Segment Start: DATASET EXCERPTS

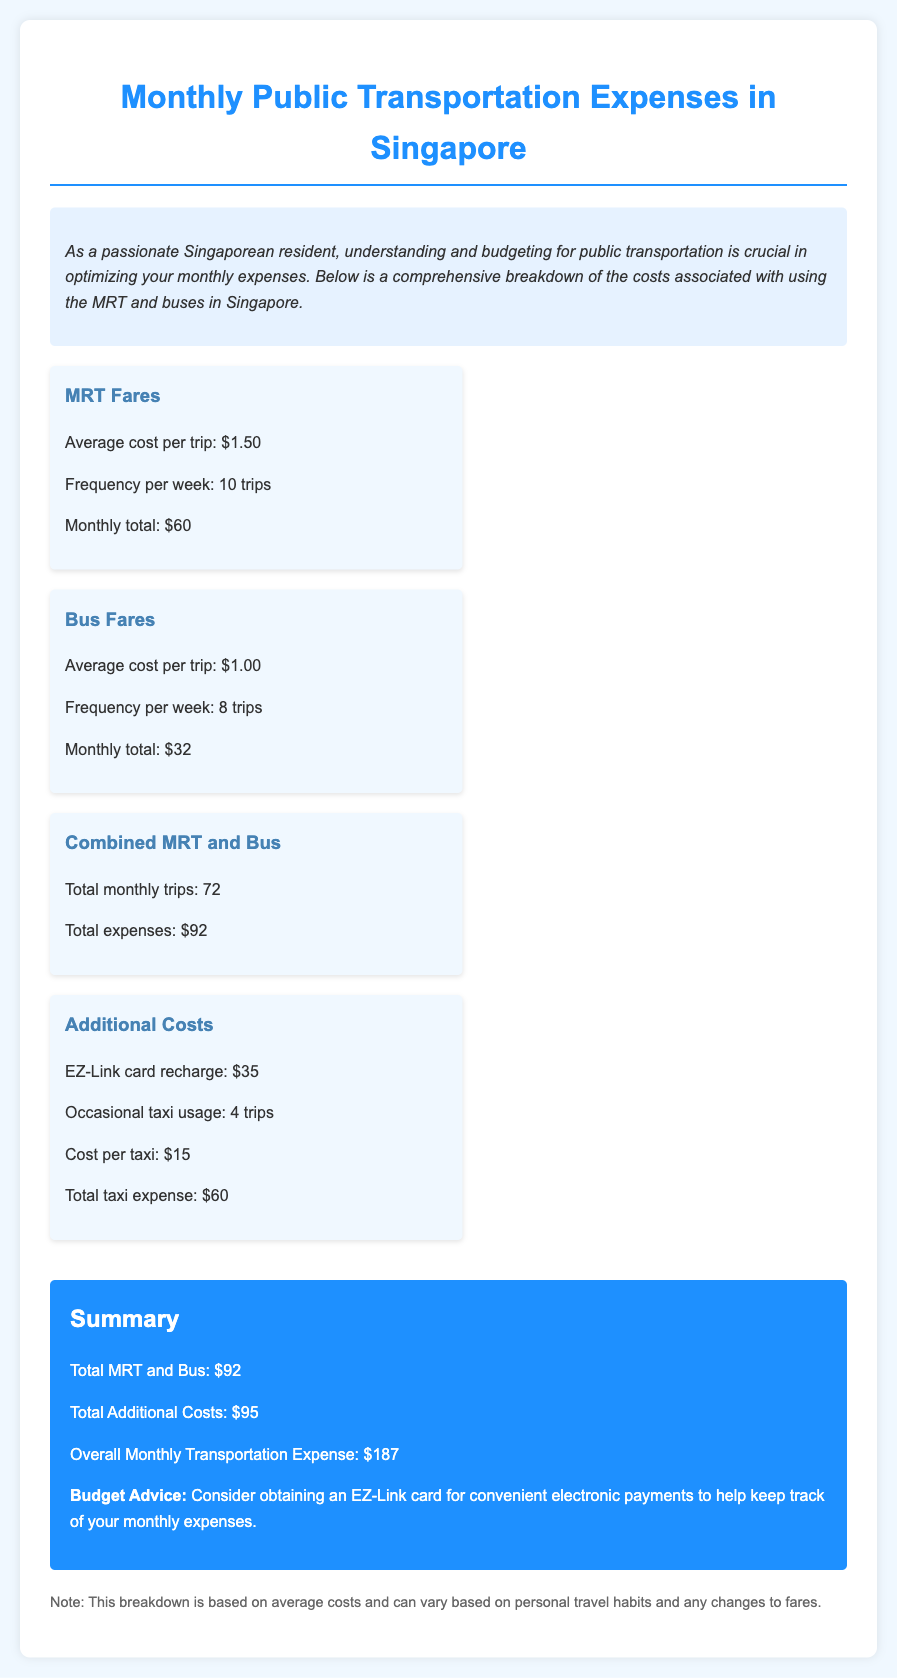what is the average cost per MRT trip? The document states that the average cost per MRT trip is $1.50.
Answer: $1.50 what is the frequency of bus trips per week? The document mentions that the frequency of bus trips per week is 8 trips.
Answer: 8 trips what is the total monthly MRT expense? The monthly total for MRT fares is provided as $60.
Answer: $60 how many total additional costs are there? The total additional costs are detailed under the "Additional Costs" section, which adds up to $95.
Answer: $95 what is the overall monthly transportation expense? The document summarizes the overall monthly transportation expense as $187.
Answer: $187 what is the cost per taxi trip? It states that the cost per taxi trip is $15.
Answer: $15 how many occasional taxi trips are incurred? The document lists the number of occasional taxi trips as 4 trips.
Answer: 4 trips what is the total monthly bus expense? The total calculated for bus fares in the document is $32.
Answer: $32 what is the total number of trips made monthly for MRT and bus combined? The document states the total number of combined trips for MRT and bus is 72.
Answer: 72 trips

Segment End: DATASET EXCERPTS
Segment Start: DATASET EXCERPTS

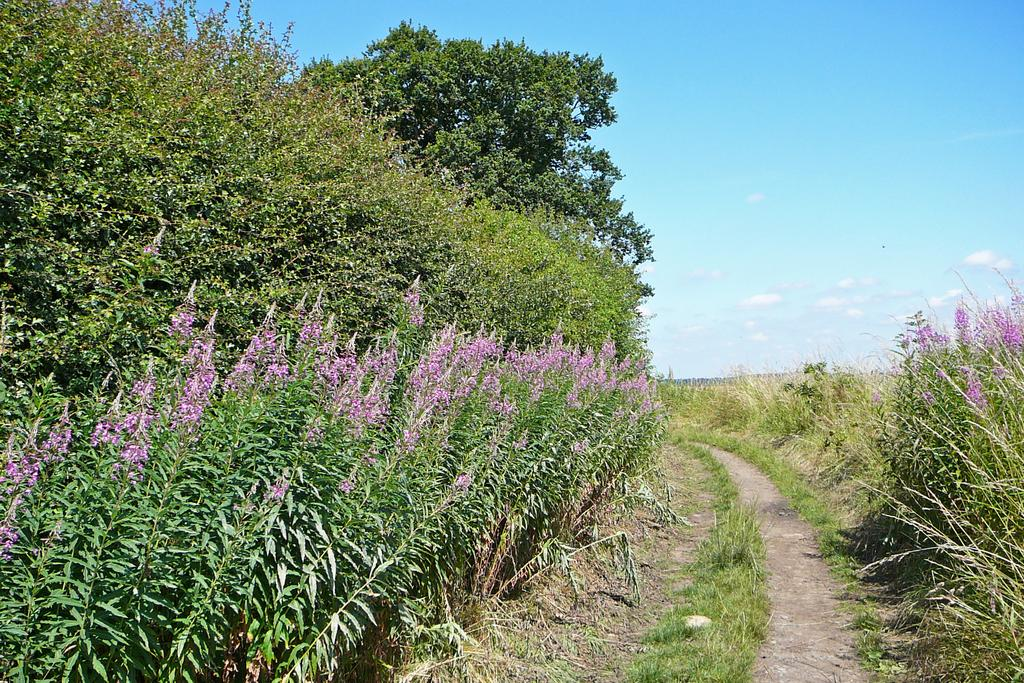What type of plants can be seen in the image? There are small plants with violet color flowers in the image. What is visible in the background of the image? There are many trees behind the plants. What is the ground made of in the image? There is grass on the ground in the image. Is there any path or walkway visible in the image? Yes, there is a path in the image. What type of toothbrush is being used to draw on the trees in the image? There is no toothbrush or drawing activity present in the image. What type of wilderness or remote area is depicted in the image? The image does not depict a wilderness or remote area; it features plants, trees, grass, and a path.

Segment End: DATASET EXCERPTS
Segment Start: DATASET EXCERPTS

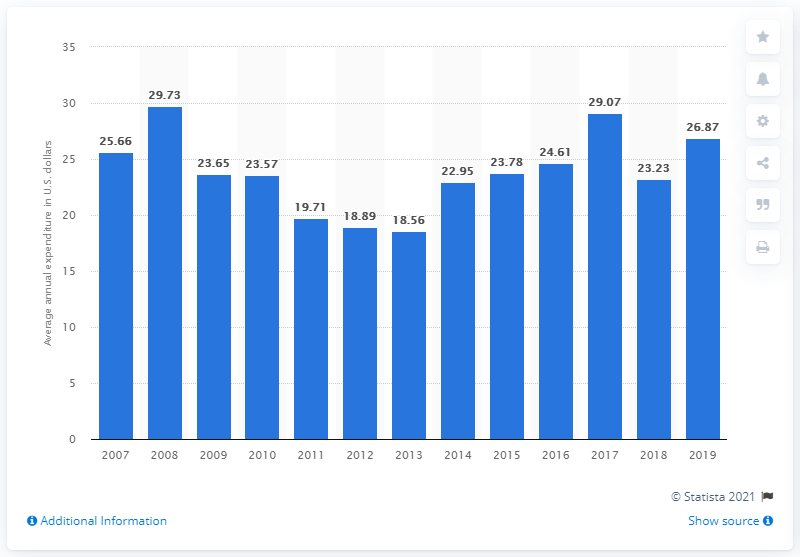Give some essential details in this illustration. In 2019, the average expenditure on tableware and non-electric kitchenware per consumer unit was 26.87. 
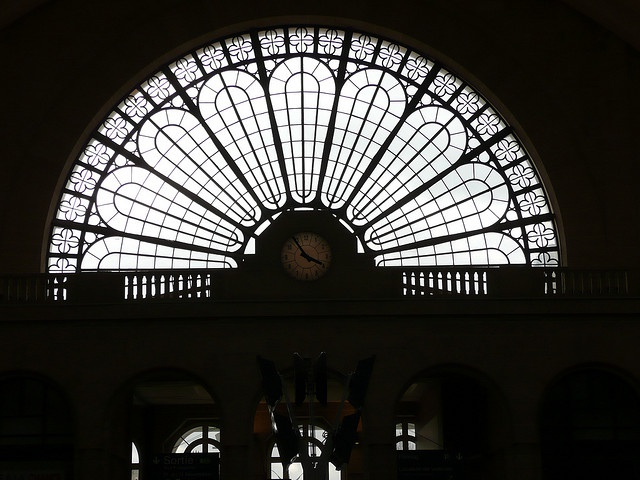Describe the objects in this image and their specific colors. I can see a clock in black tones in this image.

Segment End: DATASET EXCERPTS

PROBLEM REQUIREMENTS:
From the data above, report how many lines hold the word "taxi", answering with the number by itself.

OUTPUT FOR THIS EXERCISE:
2